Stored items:
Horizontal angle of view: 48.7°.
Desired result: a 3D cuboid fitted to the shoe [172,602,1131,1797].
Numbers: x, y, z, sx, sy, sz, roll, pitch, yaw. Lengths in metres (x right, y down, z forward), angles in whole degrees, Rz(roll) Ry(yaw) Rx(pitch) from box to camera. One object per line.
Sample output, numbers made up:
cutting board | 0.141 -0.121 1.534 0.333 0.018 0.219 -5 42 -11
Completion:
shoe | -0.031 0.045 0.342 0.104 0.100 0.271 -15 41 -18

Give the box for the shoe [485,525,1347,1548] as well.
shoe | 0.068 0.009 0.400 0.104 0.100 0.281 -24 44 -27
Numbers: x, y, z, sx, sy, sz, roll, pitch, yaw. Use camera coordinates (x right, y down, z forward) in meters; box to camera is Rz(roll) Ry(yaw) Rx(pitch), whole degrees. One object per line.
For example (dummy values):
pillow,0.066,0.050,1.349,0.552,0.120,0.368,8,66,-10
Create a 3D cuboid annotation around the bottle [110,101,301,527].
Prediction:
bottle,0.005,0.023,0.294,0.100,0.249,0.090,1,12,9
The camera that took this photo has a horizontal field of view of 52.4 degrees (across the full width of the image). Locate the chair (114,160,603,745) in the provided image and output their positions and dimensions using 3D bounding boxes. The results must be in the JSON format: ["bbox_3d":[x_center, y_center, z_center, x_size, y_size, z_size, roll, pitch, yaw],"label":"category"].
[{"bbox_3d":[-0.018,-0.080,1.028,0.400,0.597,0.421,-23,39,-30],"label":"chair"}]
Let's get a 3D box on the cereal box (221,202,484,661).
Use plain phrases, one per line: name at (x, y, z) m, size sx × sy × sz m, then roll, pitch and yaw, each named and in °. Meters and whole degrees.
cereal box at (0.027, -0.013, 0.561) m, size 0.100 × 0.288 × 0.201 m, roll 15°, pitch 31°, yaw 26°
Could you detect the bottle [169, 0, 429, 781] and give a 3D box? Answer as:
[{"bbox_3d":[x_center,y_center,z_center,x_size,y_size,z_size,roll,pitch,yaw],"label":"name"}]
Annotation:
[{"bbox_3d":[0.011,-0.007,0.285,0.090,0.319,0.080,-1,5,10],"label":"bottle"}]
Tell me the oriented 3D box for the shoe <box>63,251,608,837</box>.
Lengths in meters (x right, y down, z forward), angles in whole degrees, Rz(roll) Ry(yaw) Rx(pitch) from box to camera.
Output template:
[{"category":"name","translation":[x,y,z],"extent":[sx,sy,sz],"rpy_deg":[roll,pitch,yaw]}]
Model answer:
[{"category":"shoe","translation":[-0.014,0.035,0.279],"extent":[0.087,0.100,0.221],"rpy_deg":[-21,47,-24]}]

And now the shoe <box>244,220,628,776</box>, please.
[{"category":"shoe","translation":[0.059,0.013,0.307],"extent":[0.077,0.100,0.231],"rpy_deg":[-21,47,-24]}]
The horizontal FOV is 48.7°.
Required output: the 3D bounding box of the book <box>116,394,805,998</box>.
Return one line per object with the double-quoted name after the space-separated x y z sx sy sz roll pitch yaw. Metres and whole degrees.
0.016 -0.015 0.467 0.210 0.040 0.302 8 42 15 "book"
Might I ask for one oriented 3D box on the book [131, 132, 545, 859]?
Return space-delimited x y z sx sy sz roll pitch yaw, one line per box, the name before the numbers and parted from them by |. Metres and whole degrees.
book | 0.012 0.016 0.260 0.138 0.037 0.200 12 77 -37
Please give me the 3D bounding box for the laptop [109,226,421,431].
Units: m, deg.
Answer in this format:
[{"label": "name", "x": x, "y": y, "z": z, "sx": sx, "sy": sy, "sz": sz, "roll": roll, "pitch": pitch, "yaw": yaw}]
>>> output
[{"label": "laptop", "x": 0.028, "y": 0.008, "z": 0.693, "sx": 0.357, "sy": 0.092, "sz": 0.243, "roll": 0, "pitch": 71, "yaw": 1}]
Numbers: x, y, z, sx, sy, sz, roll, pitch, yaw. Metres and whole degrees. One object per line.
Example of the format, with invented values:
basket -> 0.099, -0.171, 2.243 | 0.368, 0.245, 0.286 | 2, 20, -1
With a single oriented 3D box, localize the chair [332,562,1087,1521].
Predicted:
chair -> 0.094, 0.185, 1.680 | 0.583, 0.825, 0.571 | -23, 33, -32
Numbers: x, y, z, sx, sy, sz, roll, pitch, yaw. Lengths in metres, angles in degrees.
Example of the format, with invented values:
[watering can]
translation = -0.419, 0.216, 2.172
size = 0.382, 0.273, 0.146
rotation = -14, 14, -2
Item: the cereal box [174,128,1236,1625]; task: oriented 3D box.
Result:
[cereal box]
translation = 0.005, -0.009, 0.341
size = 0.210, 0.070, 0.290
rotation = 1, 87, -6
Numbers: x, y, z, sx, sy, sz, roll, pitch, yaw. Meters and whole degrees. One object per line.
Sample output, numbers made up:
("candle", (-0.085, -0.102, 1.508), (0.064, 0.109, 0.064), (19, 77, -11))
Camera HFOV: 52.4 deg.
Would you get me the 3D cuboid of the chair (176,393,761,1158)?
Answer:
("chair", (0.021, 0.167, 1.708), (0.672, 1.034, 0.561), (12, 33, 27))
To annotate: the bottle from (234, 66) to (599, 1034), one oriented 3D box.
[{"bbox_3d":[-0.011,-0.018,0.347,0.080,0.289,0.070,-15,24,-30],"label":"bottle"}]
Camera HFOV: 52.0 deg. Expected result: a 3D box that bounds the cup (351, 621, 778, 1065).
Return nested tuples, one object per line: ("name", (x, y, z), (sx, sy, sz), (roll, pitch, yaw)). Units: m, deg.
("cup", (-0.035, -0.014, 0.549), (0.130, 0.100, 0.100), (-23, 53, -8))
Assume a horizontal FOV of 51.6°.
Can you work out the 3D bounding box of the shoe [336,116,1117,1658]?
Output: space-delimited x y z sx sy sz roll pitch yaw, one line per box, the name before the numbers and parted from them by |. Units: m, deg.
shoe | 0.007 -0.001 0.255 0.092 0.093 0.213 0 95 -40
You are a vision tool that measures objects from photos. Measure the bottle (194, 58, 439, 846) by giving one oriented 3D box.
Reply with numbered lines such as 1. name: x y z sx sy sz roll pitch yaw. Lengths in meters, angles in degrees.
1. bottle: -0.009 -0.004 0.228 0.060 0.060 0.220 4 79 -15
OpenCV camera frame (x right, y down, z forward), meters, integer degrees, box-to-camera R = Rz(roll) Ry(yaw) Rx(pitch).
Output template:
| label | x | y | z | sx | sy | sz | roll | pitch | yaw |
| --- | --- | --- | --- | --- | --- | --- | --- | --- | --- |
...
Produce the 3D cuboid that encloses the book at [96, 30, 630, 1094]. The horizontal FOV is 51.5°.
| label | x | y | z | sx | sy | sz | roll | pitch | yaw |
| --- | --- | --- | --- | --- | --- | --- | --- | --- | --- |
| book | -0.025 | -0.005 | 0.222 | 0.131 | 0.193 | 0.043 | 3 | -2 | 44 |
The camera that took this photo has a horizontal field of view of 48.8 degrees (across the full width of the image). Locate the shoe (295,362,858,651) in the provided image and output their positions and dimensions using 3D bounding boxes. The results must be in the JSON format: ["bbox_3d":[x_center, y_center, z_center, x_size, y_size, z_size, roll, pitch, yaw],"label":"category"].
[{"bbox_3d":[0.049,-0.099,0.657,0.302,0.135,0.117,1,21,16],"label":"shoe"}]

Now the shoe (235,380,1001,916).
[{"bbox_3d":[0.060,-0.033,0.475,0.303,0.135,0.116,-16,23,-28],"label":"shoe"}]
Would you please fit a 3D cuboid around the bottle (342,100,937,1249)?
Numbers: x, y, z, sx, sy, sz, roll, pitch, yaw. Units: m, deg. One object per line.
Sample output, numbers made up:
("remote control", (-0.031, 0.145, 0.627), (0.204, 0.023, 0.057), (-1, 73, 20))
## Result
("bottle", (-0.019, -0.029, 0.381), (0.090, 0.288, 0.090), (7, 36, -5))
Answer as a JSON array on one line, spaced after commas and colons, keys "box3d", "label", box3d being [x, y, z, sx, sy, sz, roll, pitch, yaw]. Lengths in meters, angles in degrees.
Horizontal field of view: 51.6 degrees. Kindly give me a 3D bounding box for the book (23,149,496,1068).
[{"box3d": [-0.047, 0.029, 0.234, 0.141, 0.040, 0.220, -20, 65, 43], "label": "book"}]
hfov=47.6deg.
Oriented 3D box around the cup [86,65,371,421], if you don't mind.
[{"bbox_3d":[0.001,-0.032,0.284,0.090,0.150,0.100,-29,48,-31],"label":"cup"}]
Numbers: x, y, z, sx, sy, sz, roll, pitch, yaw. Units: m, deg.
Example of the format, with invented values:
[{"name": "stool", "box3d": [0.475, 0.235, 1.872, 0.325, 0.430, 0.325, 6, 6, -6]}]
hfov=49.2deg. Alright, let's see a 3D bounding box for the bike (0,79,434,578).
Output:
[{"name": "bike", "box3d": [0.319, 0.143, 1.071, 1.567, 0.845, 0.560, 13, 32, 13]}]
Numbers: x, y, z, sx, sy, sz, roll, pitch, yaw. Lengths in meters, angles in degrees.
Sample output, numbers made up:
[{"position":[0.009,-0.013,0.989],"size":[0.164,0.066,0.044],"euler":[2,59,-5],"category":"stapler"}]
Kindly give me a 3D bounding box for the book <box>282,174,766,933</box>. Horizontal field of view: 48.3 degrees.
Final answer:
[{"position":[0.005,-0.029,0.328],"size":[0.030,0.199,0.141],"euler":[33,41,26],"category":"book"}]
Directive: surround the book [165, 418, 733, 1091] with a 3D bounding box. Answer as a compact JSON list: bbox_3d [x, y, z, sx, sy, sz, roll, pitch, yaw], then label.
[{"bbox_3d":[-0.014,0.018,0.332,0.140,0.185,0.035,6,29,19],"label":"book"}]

TASK
Exactly one number is the answer: how many lines of the entries contain the string "forward".

RESULT OF THIS TASK
4